Ten years of research have paid off for Michail Sitkovsky and coworkers at the National Institute of Allergy and Infectious Diseases. They appear to have answered one of the most perplexing questions in immunology: how the body limits inflammation. The finding, reported in the journal Nature, indicates particular cell surface molecules sense runaway inflammation and tissue damage. The tissue swelling, pain and heat are the body's response to a number of situations. These may include invasion by bacteria or viruses, injury or reactions to one's own tissues. Usually, inflammation helps the body fight off invaders. But left unchecked, inflammation can prove dangerous. Chronic inflammation is characteristic of such disorders as asthma, chronic hepatitis, lupus and rheumatoid arthritis. Although many drugs lessen or halt inflammation, very little is known about the body's own mechanism for controlling inflammation and the tissue damage that accompanies it, researchers said. Whatever the signal, its intent is to abate the infection, Sitkovsky said.

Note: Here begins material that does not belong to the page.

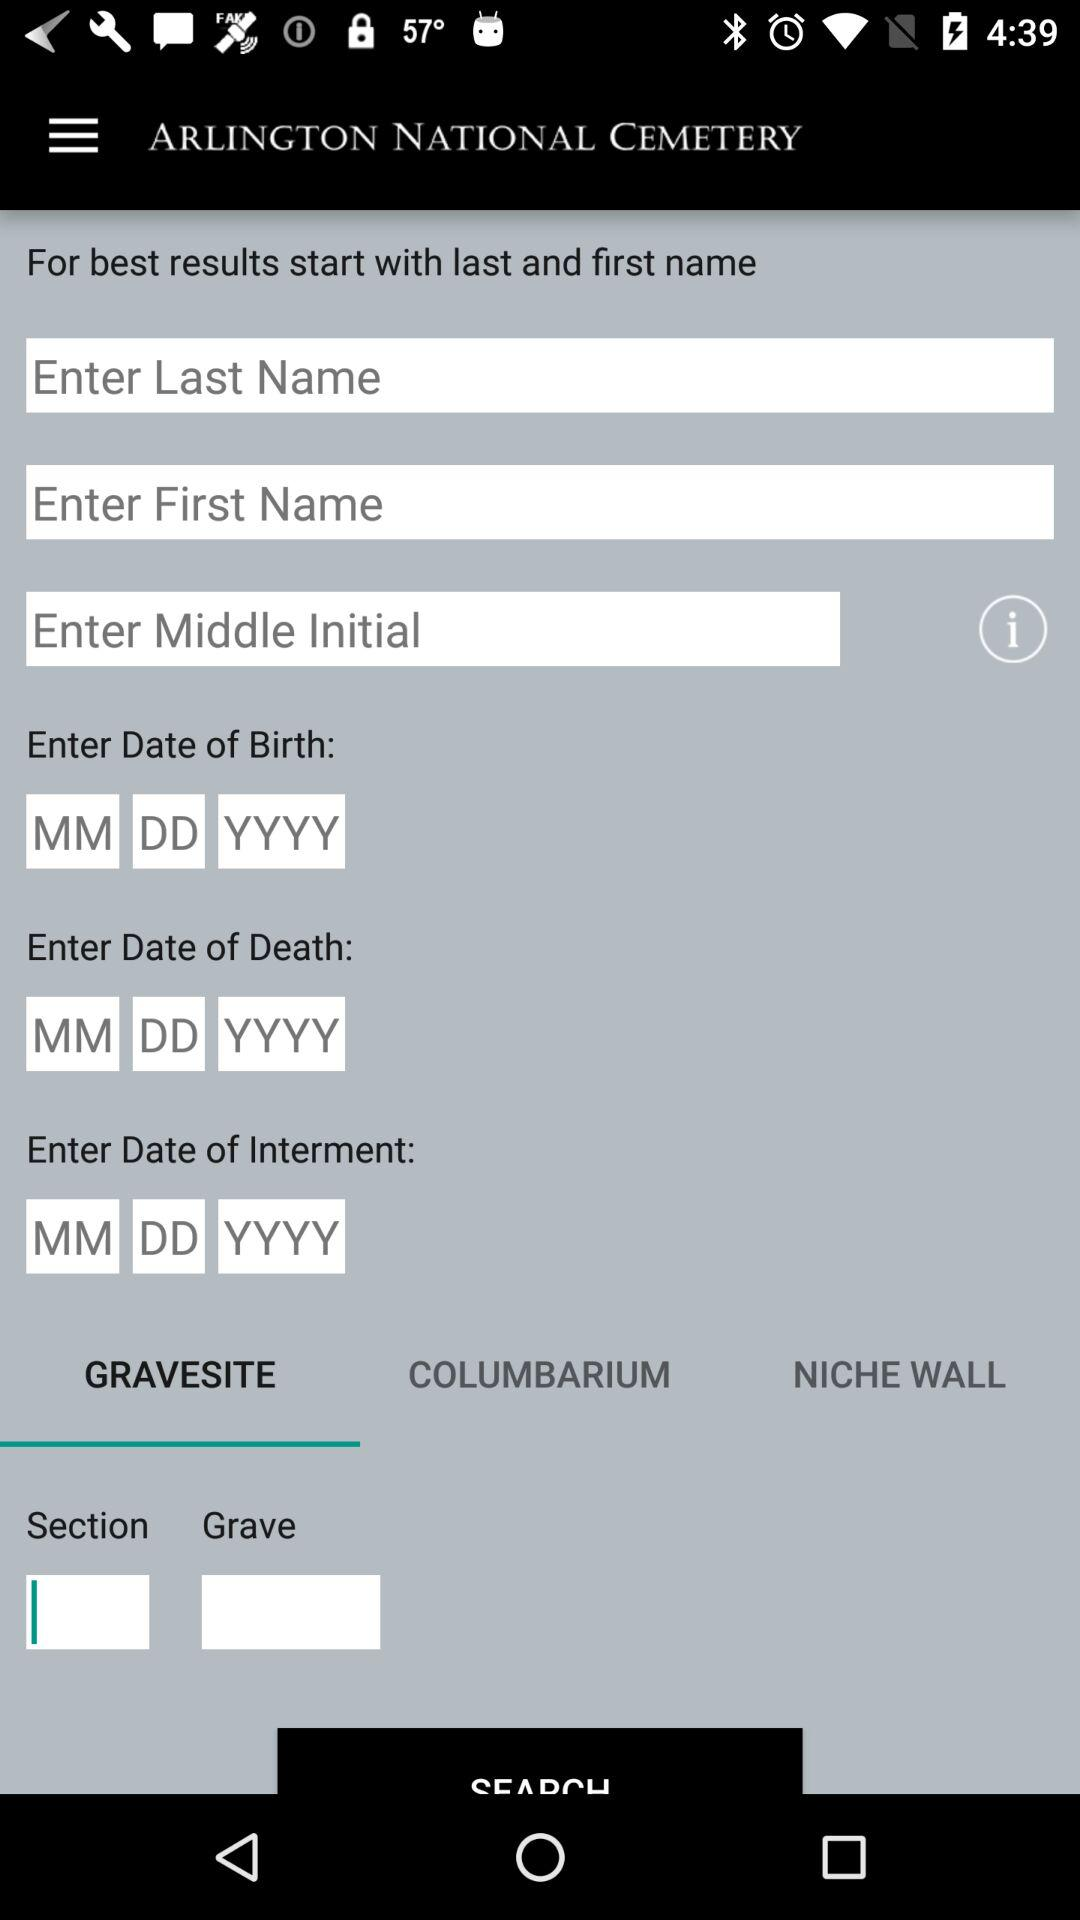Which is the selected tab? The selected tab is "Gravesite".

Researchers have developed a strain of mice that have a malaria vaccine in their milk. In their study in The Proceedings of the National Academy of Sciences, researchers said that when the purified candidate vaccine was injected into monkeys, it protected four out of five animals from a lethal dose of the malaria parasite. If the process can be enlarged to include such animals as goats, livestock might prove to be inexpensive, high-yield malaria vaccine factories. "A vaccine must not only be effective, it must be cheap to manufacture if it is to be used in those countries hit hardest by malaria," says lead author Anthony Stowers, a malaria researcher at the National Institute of Allergy and Infectious Diseases. "Using transgenic animals to achieve both ends is an exciting possibility. If it works, a herd of several goats could conceivably produce enough vaccine for all of Africa."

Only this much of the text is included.